1Circuits and Systems, Delft University of Technology, Delft, Netherlands, 2Centre of Image Sciences, University Medical Centre Utrecht, Utrecht, Netherlands, 3C.J. Gorter Center for High Field MRI, Leiden University Medical Center, Leiden, Netherlands

Synopsis

A new method for reconstructing electrical properties from $$$B_1^+$$$ data based on Maxwell's equations in an E polarized field (found in the midplane of a birdcage coil) is presented. This first-order EPT (foEPT) method uses first order spatial derivatives as opposed to the second order Helmholtz based MR-EPT methods and is thus less susceptible to noise. Furthermore, the method does not rely on any homogeneity assumptions. The method is validated using an in-vivo phantom measurement and compared to an MR-EPT reconstruction. FoEPT conductivity reconstructions show less noise-amplification and less boundary artefacts compared to Helmholtz-based MR-EPT reconstructions.

Introduction

Precise knowledge about the dielectric properties of tissue (conductivity $$$\sigma$$$ and permittivity $$$\varepsilon$$$) is an important prerequisite in many clinical applications. The accurate and efficient reconstruction of these properties from measured $$$B_1^+$$$ data is the main objective of Electrical Properties Tomography (EPT). Over the past decade various EPT methods have been developed, most often based on either the local Helmholtz equation[1-3] or on global integral representations of the RF field.4 Helmholtz-based methods are typically very efficient, but suffer from reconstruction artefacts on tissue interfaces and noise amplification due to the second-order spatial derivatives that act on the $$$B_1^+$$$ data.5 Global methods on the other hand do not suffer from these effects, but are computationally more complex and therefore less efficient.

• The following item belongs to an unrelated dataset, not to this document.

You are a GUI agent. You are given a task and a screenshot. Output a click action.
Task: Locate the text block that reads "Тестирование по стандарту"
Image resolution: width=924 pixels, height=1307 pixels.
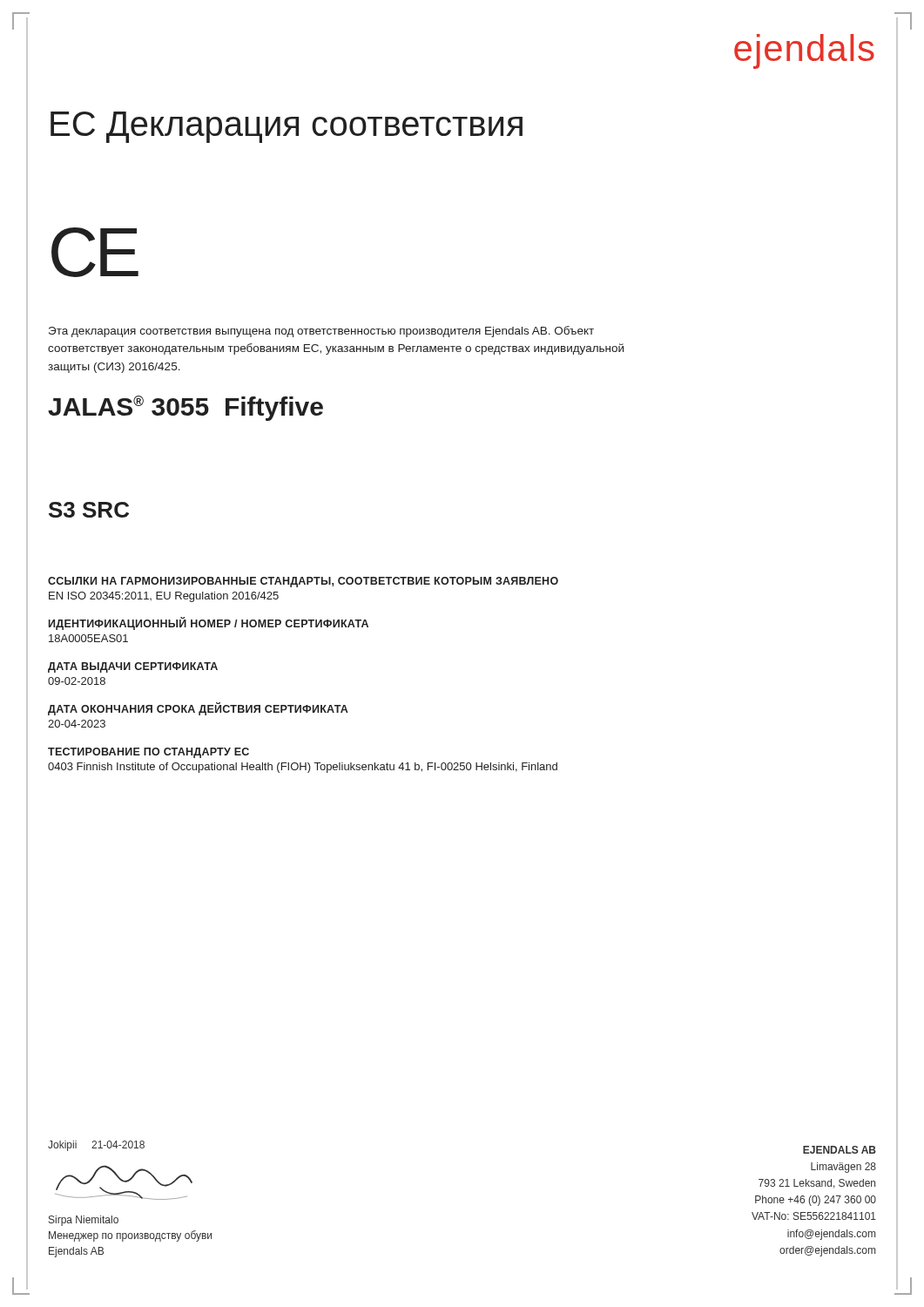pos(462,759)

We propose a new hybrid reconstruction method dubbed first-order EPT (foEPT) which combines the speed of local methods with the accuracy of global methods for tissue interfaces. It requires the E-polarized field structure in the mid-plane of a birdcage coil6 to do so, and uses a first-order spatial derivative as opposed to the second-order Laplacian operator in Helmholtz-based reconstructions and is, therefore, less sensitive to noise. Furthermore, the method can handle inhomogeneous structures and does not rely on any homogeneity assumptions.

Methods

The method works in two steps. First, the induced currents in the sample are determined from the measured $$$B_1^+$$$ field. In particular, for an RF field with an E-polarized field structure,6 the induced current density follows from the $$$B_1^+$$$ data as

$$J_{\mathrm{ind}} = \frac{2}{\mu_0 \mathrm{j}} (\partial_x - \mathrm{j} \partial_y)B_1^+,$$

where $$$\mu_0$$$ is the background permeability, j is the imaginary unit, and $$$\partial_{x/y}$$$ are the spatial derivatives in the $$$x$$$- and $$$y$$$-directions. Second, we relate this current density to the electric field using the global integral representation

$$E + G\{ E\} = E_{\mathrm{inc}} - G\{J_{\mathrm{ind}}\}\qquad\qquad(1)$$

where $$$G\{\cdot\}$$$ is the electric vector potential and $$$E_{\mathrm{inc}}$$$ is the known electric field in an empty coil, which can be simulated using a realistic coil model.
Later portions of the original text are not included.